Note that, this load command is simply reading the target file from the under store on this single server to promote data to Alluxio. So the speed to write to Alluxio is bound by that single server. In Alluxio 2.0, we plan to provide an implementation of distributed load to scale the throughput.

Capacity Management

At a very high level, Alluxio provides a caching service for hot input data. To allocating and managing the caching capacity correctly is also important to achieve good performance.

9. Extend Alluxio Storage Capacity with SSD or HDD

Alluxio workers can also manage local SSD or harddisk resources as the complementary to RAM resource.

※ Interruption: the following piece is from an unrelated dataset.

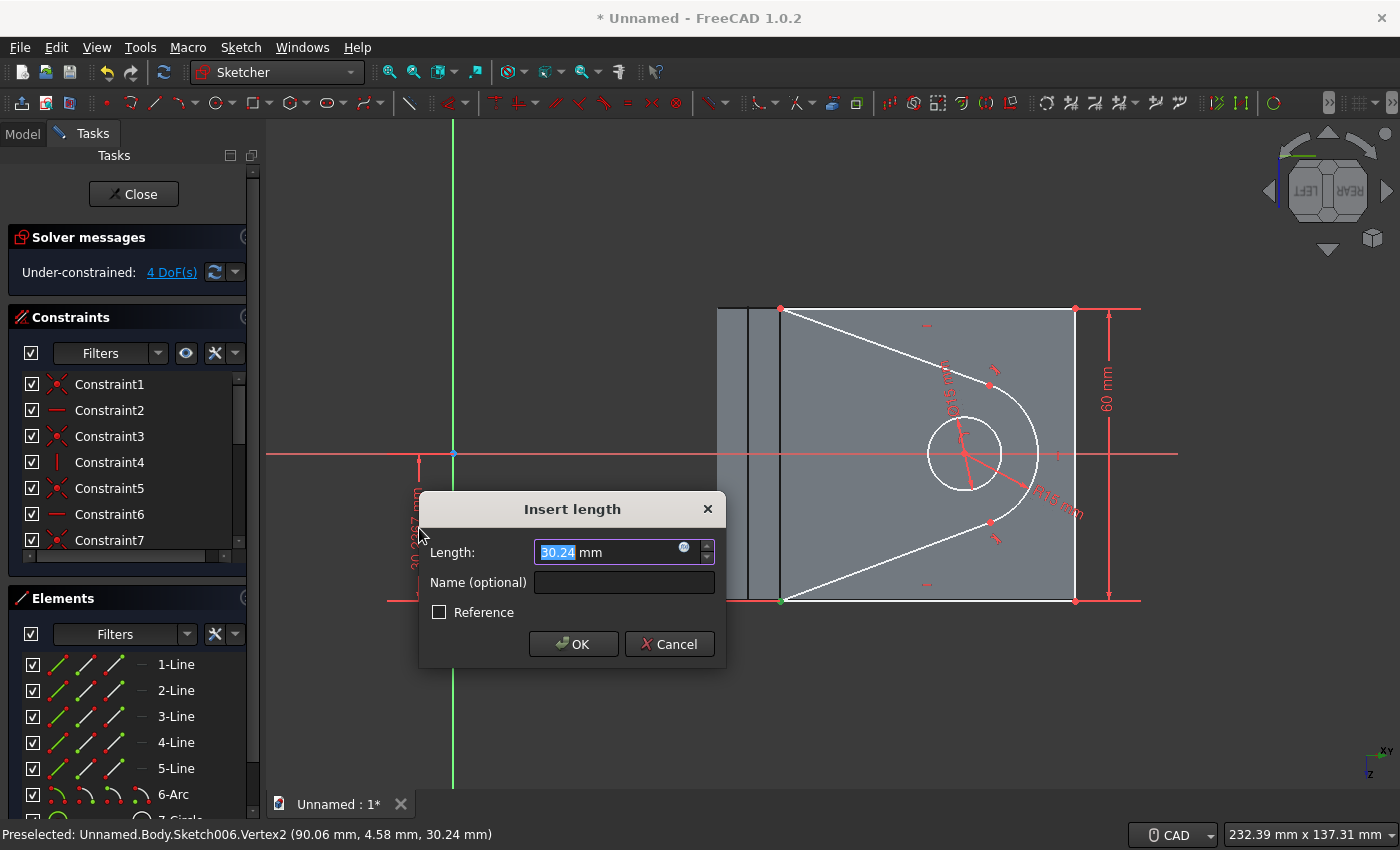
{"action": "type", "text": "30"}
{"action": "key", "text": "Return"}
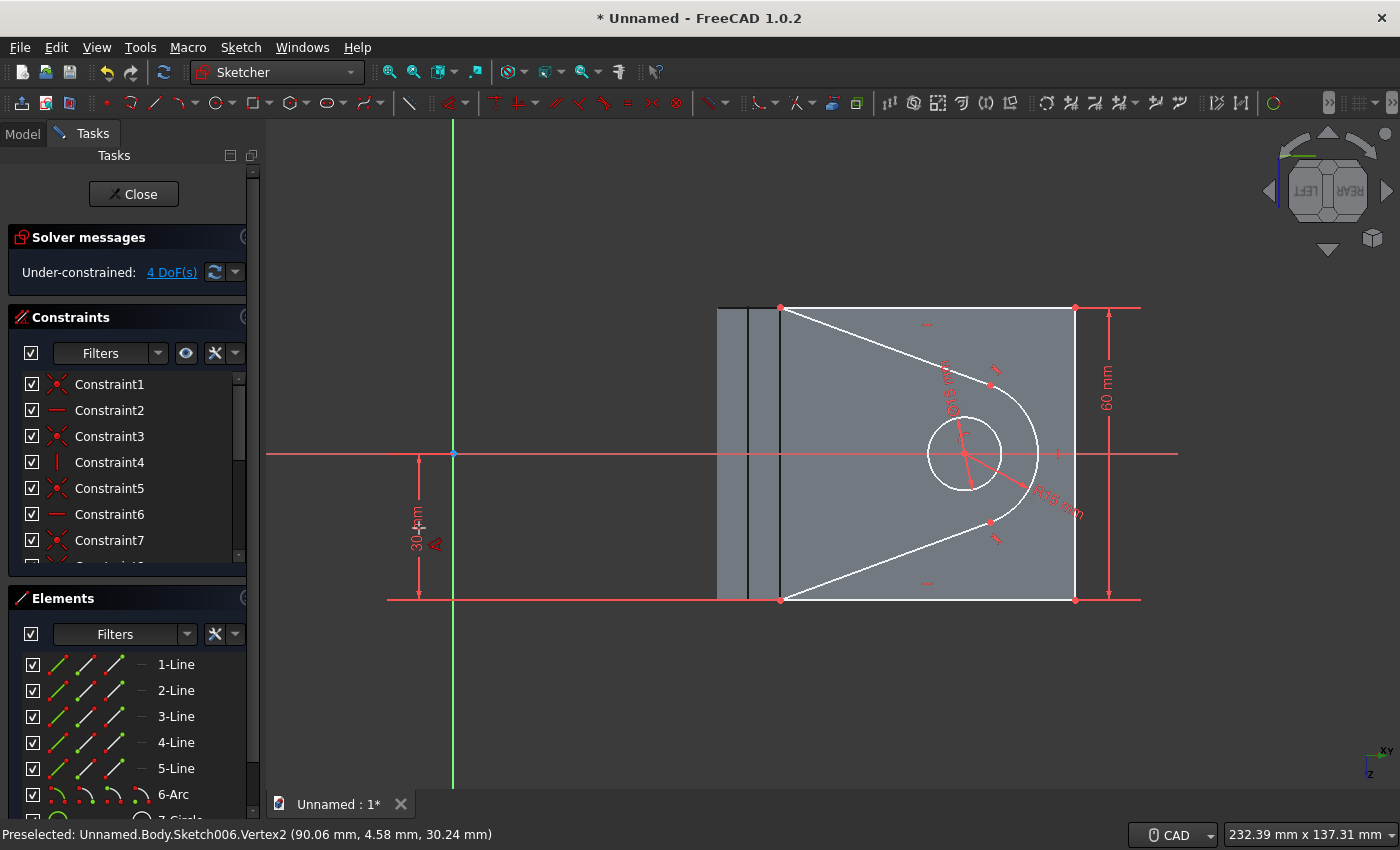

To reduce evictions, we recommend to put multiple storage directories in the same tier rather than a single tier. See link for more details. One caveat is that for users running Alluxio workers on AWS EC2 instances, the EBS storage mounted as local disk goes over network and can be slow.

10. Prevent Cache Trashing by Disabling “Passive Caching”

Alluxio client-side property alluxio.user.file.passive.cache.enabled controls whether to cache data with additional copies in Alluxio. This property is enabled by default (alluxio.user.file.passive.cache.enabled=true), so an Alluxio worker can cache another copy of data already cached on other workers on client requests. When this property is false, there will be no more copy made for any data already in Alluxio.

Note that, when this property is enabled, it is possible that the same data blocks are available across multiple workers, reducing the amount of available storage capacity for unique data. Depending on the size of working set and Alluxio capacity, disabling passive caching can help workloads that have no concept of locality and whose dataset is large relative to Alluxio capacity. Alluxio 2.0 will support fine-grained control on data replications, e.g., setting the minimal and maximal number of copies of a given file in Alluxio.